Schematic cross section through the core mountain:
  Cretaceous and Paleogene sedimentary cover
  Subtatric Nappes
  Tatric cover units
  Crystalline basement

In the Upper Cretaceous area of Tatric Unit, was affected by Eo-Alpine of Alpine Orogeny, that caused movement of large masses of rocks to the North and Northeast. To the South of the Tatric area a 2 superficial nappes, so called Subtatric Nappes, were detached and thrust over the Tatric. These nappes are generally composed of limestone, marl, dolostone and less by sandstones and slates. The lower nappes is called Krížna Nappe (or the Fatric) and the upper is Choč Nappe (or the Hronic). Krížňa Nappe is dominantly composed of rock, that were formed in the Zliechov basin. It was situated in the Fatric area between the Tatric and Veporic units. Fatric had the same basement as the Veporic unit and is considered as former northern part of Veporic, but later during the thrusting its substratum was consumed and subducted. Surface occurrences of Fatric basement remained only as a remnants in the northern part of Veporic Veľký Bok Unit and few other areas. Choč Nappe, was thrust from the southern area, but its roots were probably consumed entirely, so its paleogeographic position is not exactly known. Choč Nappe is considered as rootless nappe.

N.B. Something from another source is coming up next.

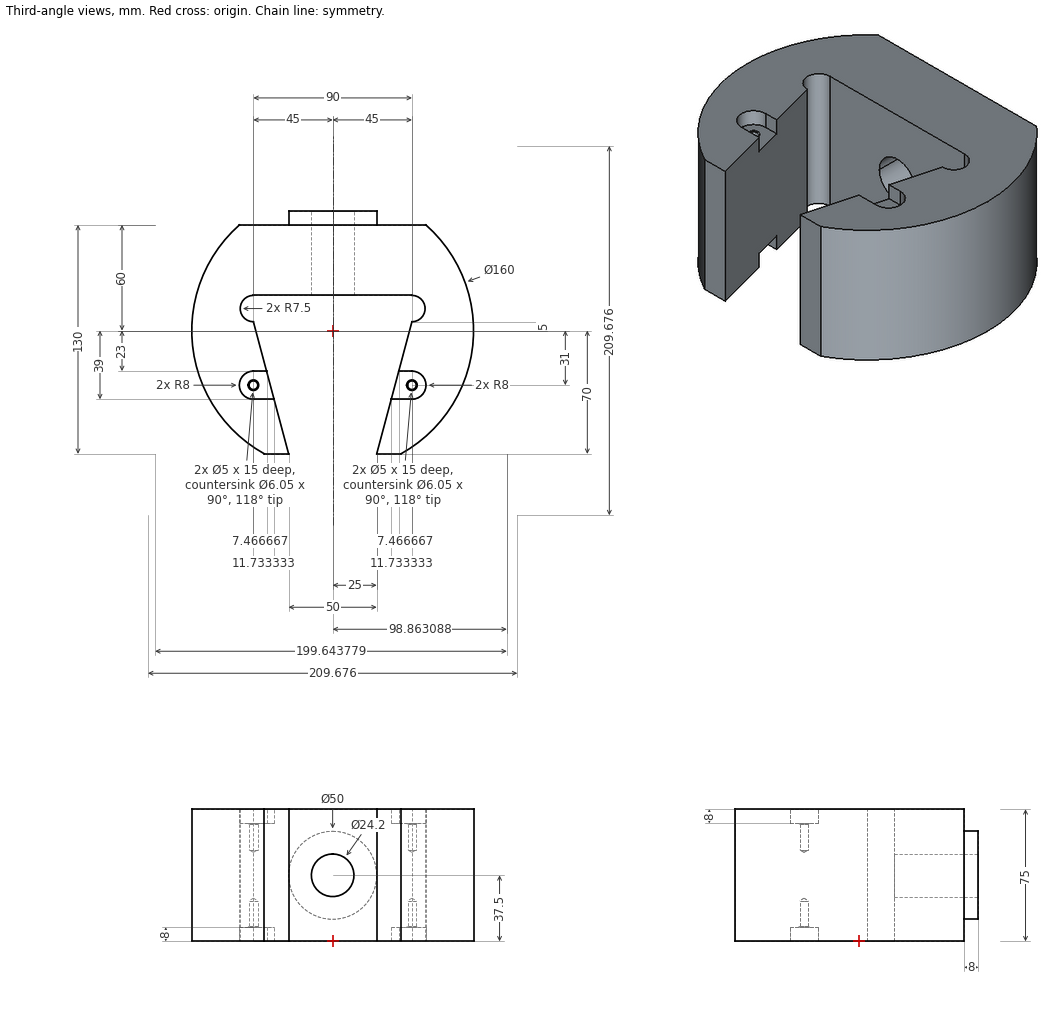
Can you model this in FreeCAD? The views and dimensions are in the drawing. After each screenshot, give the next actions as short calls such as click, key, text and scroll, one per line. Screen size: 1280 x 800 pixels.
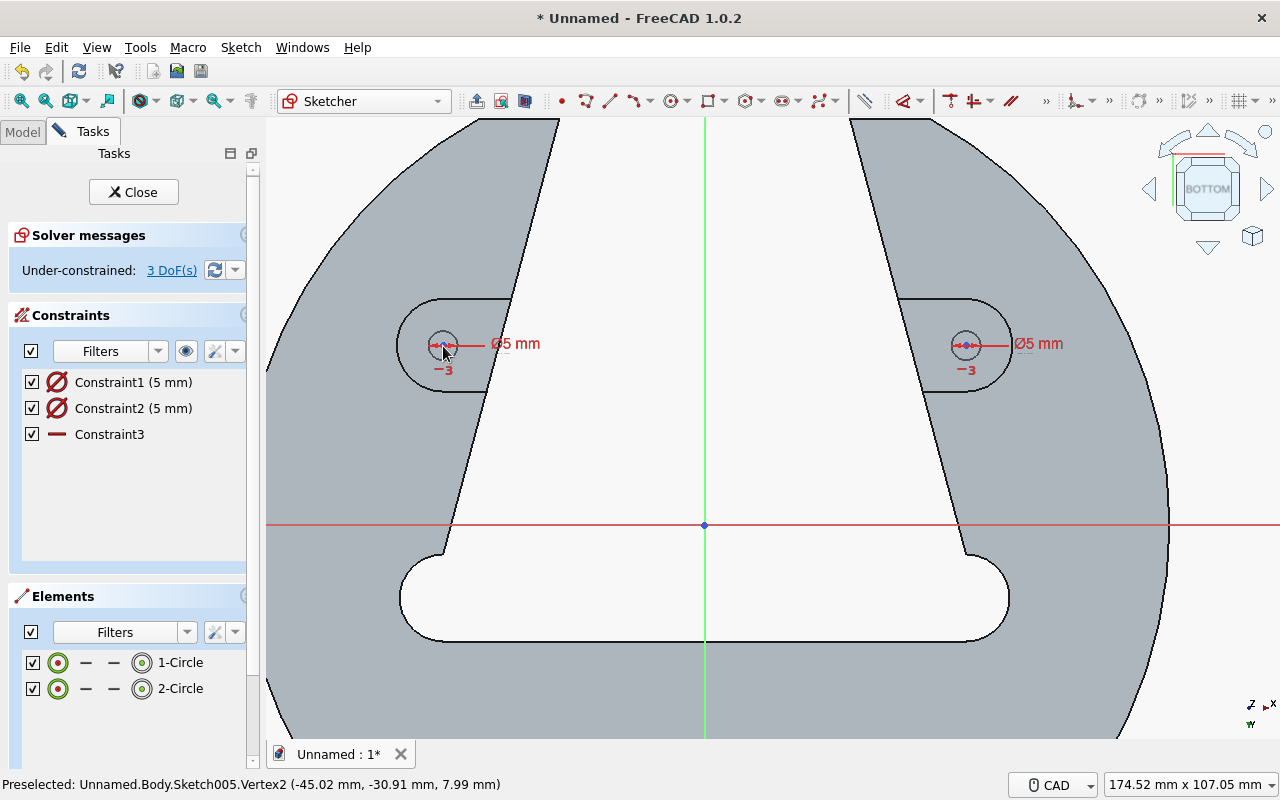
key(d)

After the end of main Eo-Alpine orogenic movement, the area of Western Carpathians was still not so mountainous. In the Paleogene subsidence along the normal faults caused formation of grabens - intra-mountain Inner Carpathian Paleogene Basin and horsts present day mountain ranges. In the Neogene, further orogene movement in the external part of Carpathian arc caused formation of back-arc Pannonian Basin. Northern branches of Pannonian Basin were penetrating the Tatra-Fatra Area and formed inter-mountain basins. Simultaneously with the immersion of the horsts, ongoing and intense erosion is denuding the mountains and supplies the basin with clastic sediments. Among all of the rocks, the most erosion resistant were the crystalline schists and granites of the Tatric. Similar fold and thrust model of origin is known from the other areas of alpine system. In the English terminology, similar model is called Fault-block mountain, it is typical in the area of Basin and Range.


  1. Mazúr, E., Lukniš, M. 1986: Geomorfologické členenie SSR a ČSSR. Časť Slovensko. Slovenská kartografia, Bratislava
  2. Plašienka, D., Grecula, P., Putiš, M., Kováč, M. a Hovorka, D., 1997: Evolution and structure of the Western Carpathians: an overview. Mineralia Slovaca - Monograph, Košice, s. 1 – 24
  3. Plašienka, D., 2006: Princípy regionalizácie geologickej stavby Malých Karpát a Považského Inovca. In: Kováč, M., Dubíková, K., Nové metódy a výsledky v geológii Západných Karpát. Zborník 2006, Univerzita Komenského, Bratislava, p. 51 – 56
  4. Hók, J., Kahan, Š., Aubrecht, R., 2001. Geológia Slovenska. Univerzita Komenského, Bratislava, 43 p.